In the Wind River Range and Absaroka Ranges of Wyoming, Tukudika used a cooking pot carved out of soft soapstone. The pot could hold up to a gallon, and be placed directly in the fire. Because of the high-specific heat of soapstone, the pot could be pulled out of the fire and maintain boiling temperatures for some time. Tukudika quarries of soap stone were found in the Wind River Range.

Bighorn sheep corral traps relied on a deep understanding of bighorn sheep behavior. The Tukudika built traps in the Wind River Range and the Abaroka Range which were shaped in spirals (shaped something like a bighorn sheep horn) with the opening to the trap facing downhill. The traps were located on slopes near bighorn sheep summer range. Hunters would approach the sheep from above, then spook the animals downhill. Since sheep have an instinct to find security at high ground, the sheep would run downhill, then traverse the slope, before running uphill again. With luck, this movement of the animals would direct them straight into the mouth of a corral trap, usually constructed out of logs. The hunters would then spook the animals further into the narrowing part of the spiral trap, with the assistance of a ceremonial leader stationed in a pod along one of the corral walls. At the end of the trap, the sheep would run up a ramp into an elevated cattle-guard-like trap, with widely spaced timbers. They would fall off the timbers, with their feet hanging into air. Thus immobilized, the hunters would kill the sheep with clubs, spears, or projectiles. Some of these traps were used through the 1800s, with the remains still visible in the late 20th century. Tukudika also hunted sheep by driving them into deep drifts of spring snow.

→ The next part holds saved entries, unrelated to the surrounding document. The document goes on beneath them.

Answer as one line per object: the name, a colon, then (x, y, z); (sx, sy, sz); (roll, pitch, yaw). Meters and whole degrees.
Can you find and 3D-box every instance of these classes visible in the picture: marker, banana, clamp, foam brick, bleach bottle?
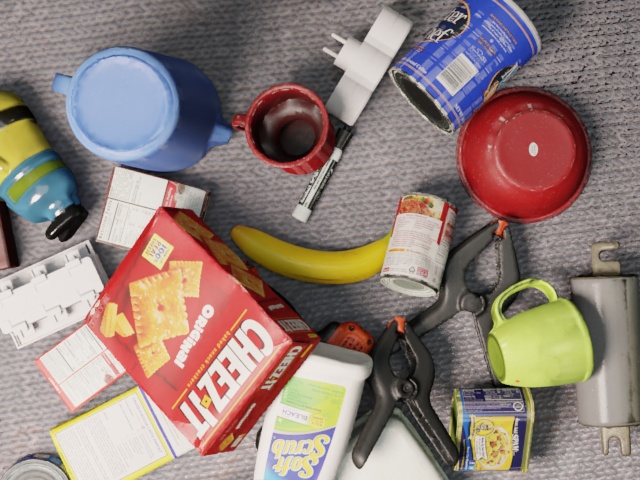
marker: (0.004, -0.077, 1.224); (0.020, 0.020, 0.121); (28, 88, -3)
banana: (-0.003, 0.018, 1.216); (0.197, 0.037, 0.069); (0, 60, -6)
clamp: (0.179, 0.080, 1.222); (0.164, 0.036, 0.210); (27, 91, -4)
clamp: (0.099, 0.172, 1.170); (0.120, 0.039, 0.171); (13, 72, -18)
foam brick: (-0.371, -0.002, 1.185); (0.051, 0.053, 0.078); (-12, 88, -4)
bleach bottle: (-0.017, 0.238, 1.149); (0.102, 0.068, 0.251); (12, 100, 9)

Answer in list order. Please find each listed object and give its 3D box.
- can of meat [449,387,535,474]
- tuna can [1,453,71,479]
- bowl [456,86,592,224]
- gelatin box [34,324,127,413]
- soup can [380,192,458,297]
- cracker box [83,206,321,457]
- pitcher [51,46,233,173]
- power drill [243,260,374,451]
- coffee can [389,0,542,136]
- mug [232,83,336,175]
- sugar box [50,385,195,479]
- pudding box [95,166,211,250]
can of meat: (0.191, 0.213, 1.196); (0.084, 0.057, 0.102); (-1, 120, -1)
tuna can: (-0.316, 0.283, 1.192); (0.086, 0.034, 0.086); (0, 89, -3)
bowl: (0.239, -0.100, 1.220); (0.162, 0.055, 0.162); (0, 89, -3)
gelatin box: (-0.263, 0.138, 1.200); (0.089, 0.030, 0.073); (-37, 90, -4)
soup can: (0.111, 0.006, 1.193); (0.068, 0.068, 0.102); (16, 75, -3)
cracker box: (-0.130, 0.093, 1.119); (0.214, 0.072, 0.164); (44, 107, 23)
pitcher: (-0.191, -0.137, 1.102); (0.149, 0.243, 0.145); (-26, 93, 3)
power drill: (-0.060, 0.129, 1.199); (0.187, 0.057, 0.184); (39, 90, -4)
coffee can: (0.162, -0.201, 1.193); (0.140, 0.103, 0.103); (-44, 92, -3)
mug: (-0.040, -0.120, 1.186); (0.117, 0.081, 0.093); (9, 85, 13)
sugar box: (-0.202, 0.212, 1.195); (0.176, 0.048, 0.093); (-26, 90, -7)
pudding box: (-0.188, -0.027, 1.203); (0.113, 0.039, 0.090); (15, 89, -1)
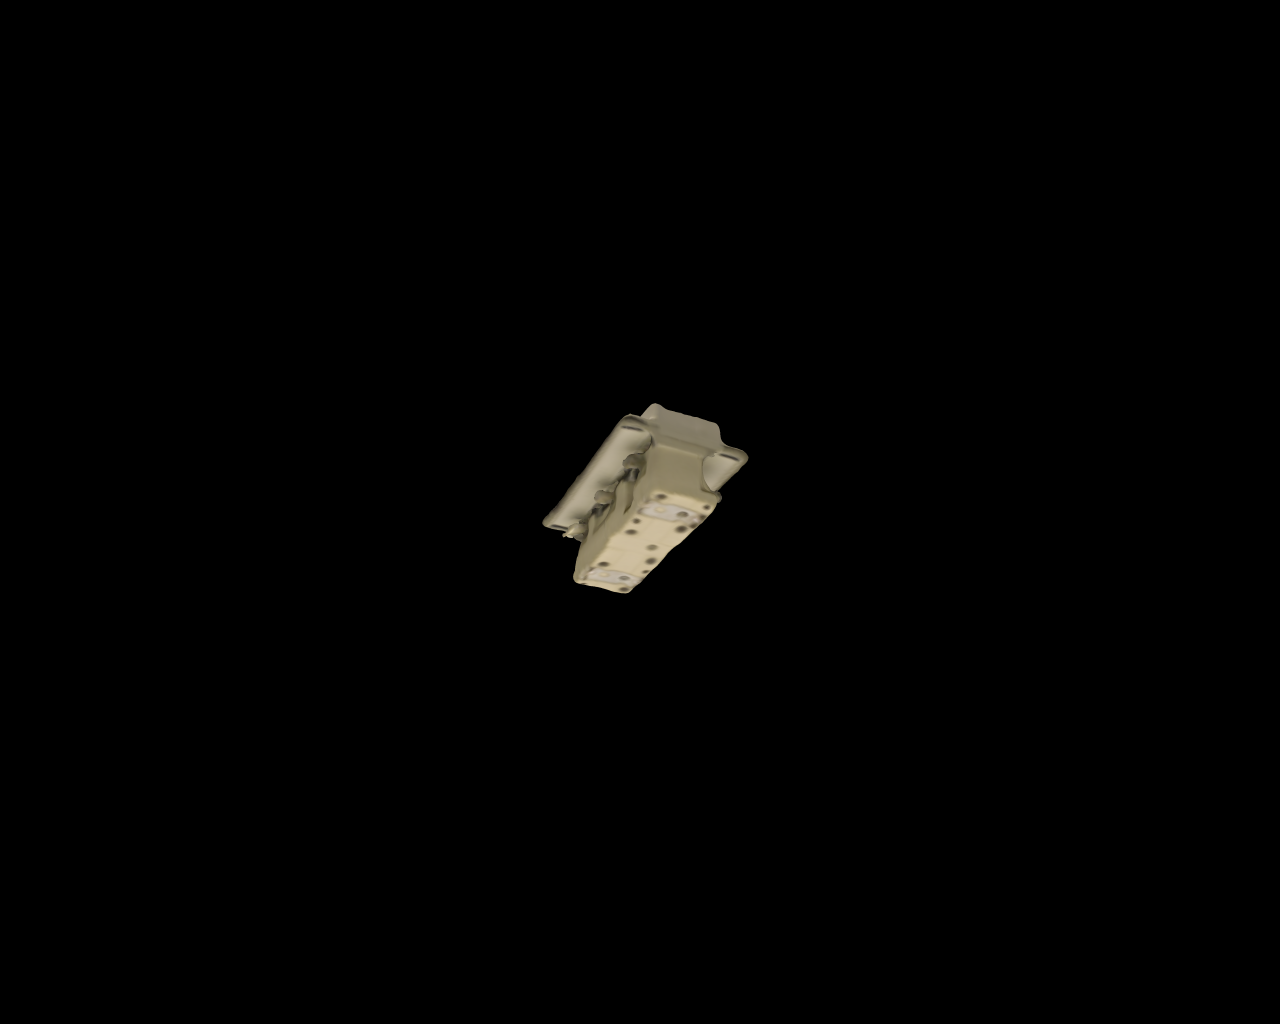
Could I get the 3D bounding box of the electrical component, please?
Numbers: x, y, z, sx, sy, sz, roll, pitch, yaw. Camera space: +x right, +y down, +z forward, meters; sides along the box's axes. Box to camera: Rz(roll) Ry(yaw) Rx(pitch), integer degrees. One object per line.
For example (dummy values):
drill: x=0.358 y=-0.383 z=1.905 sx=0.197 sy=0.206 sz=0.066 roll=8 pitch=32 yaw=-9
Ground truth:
electrical component: x=0.001 y=-0.003 z=0.650 sx=0.079 sy=0.063 sz=0.121 roll=16 pitch=-37 yaw=-22
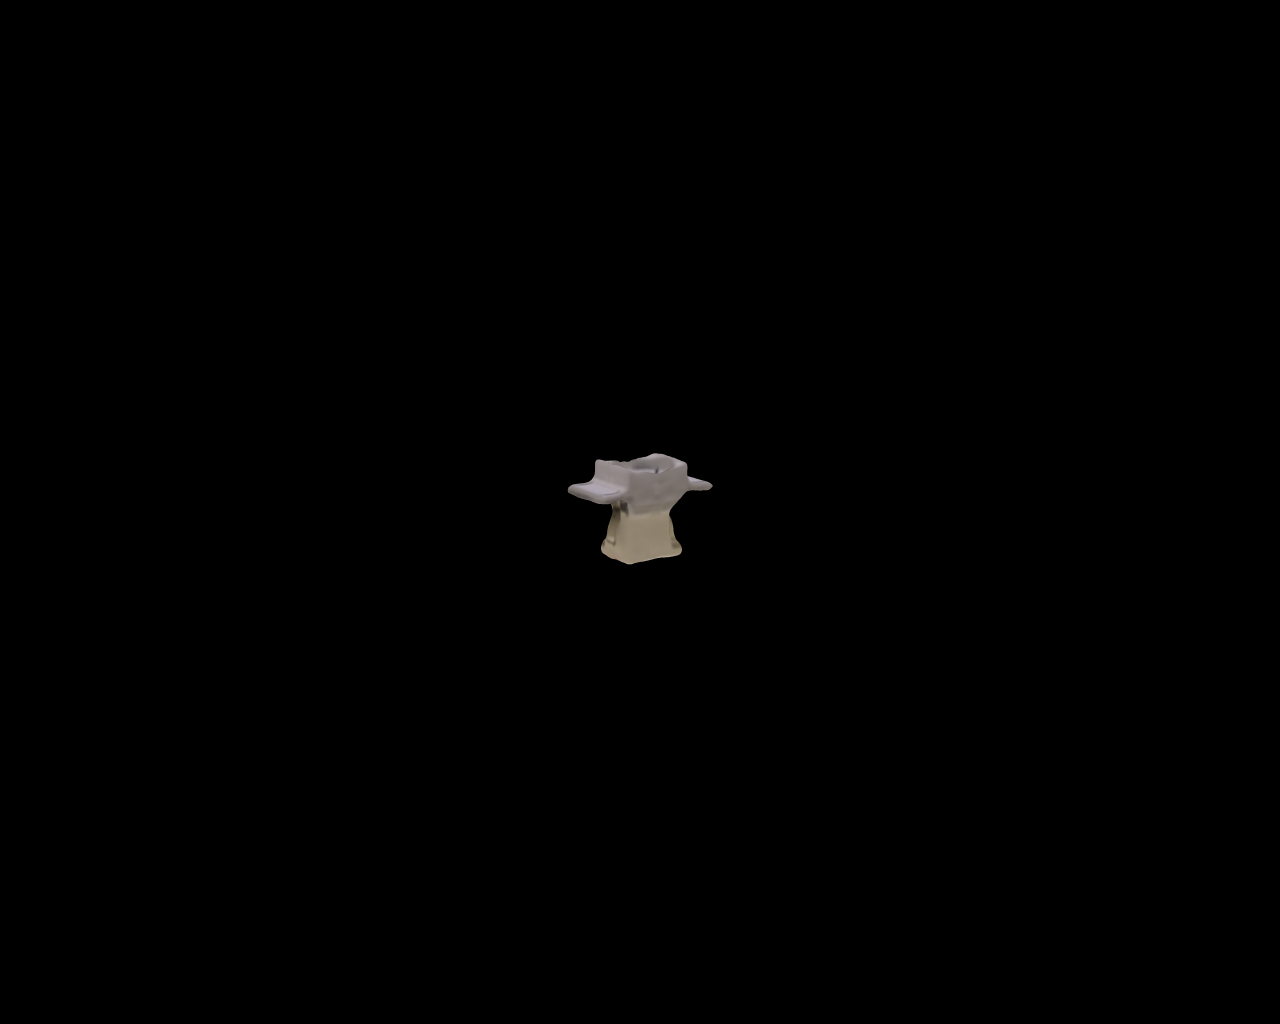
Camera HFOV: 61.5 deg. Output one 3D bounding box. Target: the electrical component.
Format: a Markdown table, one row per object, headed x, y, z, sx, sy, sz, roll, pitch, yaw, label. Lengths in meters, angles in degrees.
| x | y | z | sx | sy | sz | roll | pitch | yaw | label |
| --- | --- | --- | --- | --- | --- | --- | --- | --- | --- |
| 0.001 | -0.003 | 0.650 | 0.081 | 0.063 | 0.042 | -8 | 15 | -30 | electrical component |
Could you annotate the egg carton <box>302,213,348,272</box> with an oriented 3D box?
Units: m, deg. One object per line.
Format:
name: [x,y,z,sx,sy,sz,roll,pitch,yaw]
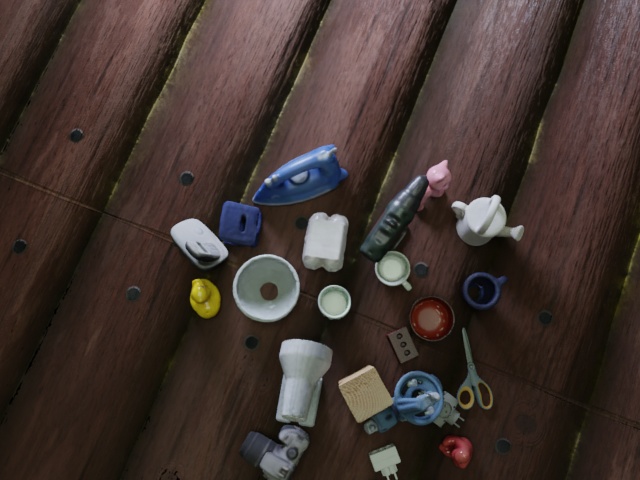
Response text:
egg carton: [0.013,0.005,1.460,0.107,0.069,0.150,7,79,3]

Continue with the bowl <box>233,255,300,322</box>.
bowl: [-0.131,0.124,1.437,0.167,0.075,0.167,0,79,1]

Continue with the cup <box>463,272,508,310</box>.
cup: [0.402,0.124,1.417,0.118,0.095,0.091,-27,80,-4]

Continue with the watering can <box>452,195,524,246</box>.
watering can: [0.410,-0.051,1.400,0.172,0.194,0.101,6,79,2]

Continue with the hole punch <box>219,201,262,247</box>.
hole punch: [-0.201,-0.041,1.462,0.101,0.091,0.109,6,79,2]

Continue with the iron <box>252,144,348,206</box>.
iron: [-0.061,-0.164,1.458,0.258,0.141,0.118,-24,79,-4]

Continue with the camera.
camera: [-0.113,0.498,1.351,0.136,0.101,0.143,28,81,6]

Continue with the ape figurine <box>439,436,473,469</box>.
ape figurine: [0.327,0.500,1.346,0.076,0.092,0.078,-14,79,-1]

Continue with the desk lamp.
desk lamp: [-0.042,0.335,1.324,0.118,0.213,0.203,9,79,3]

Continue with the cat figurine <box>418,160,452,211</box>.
cat figurine: [0.283,-0.141,1.459,0.128,0.118,0.067,-38,80,-6]

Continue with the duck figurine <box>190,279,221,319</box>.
duck figurine: [-0.293,0.144,1.430,0.077,0.086,0.104,-18,79,-2]

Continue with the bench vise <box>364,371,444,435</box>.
bench vise: [0.205,0.390,1.305,0.121,0.220,0.207,41,83,8]

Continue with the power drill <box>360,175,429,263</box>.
power drill: [0.179,-0.041,1.395,0.075,0.208,0.230,34,82,8]

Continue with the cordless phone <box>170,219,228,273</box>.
cordless phone: [-0.309,0.004,1.407,0.147,0.185,0.094,43,83,9]

Shoshones in bighorn sheep habitat manufactured the sheephorn bow over a period of two to three months by boiling and straightening the spiral horn of the bighorn sheep. In geothermal areas, hot springs may have served to heat the horn. The horn would be shaped over time and backed with sinew. When completed, this bow was shorter but also much more powerful than bows made out of wood, boasting a pull strength of up to 70 pounds. Horn bows fetched a high price in trade value of five to ten horses. The bow is one of the most powerful bows created by indigenous people in North America.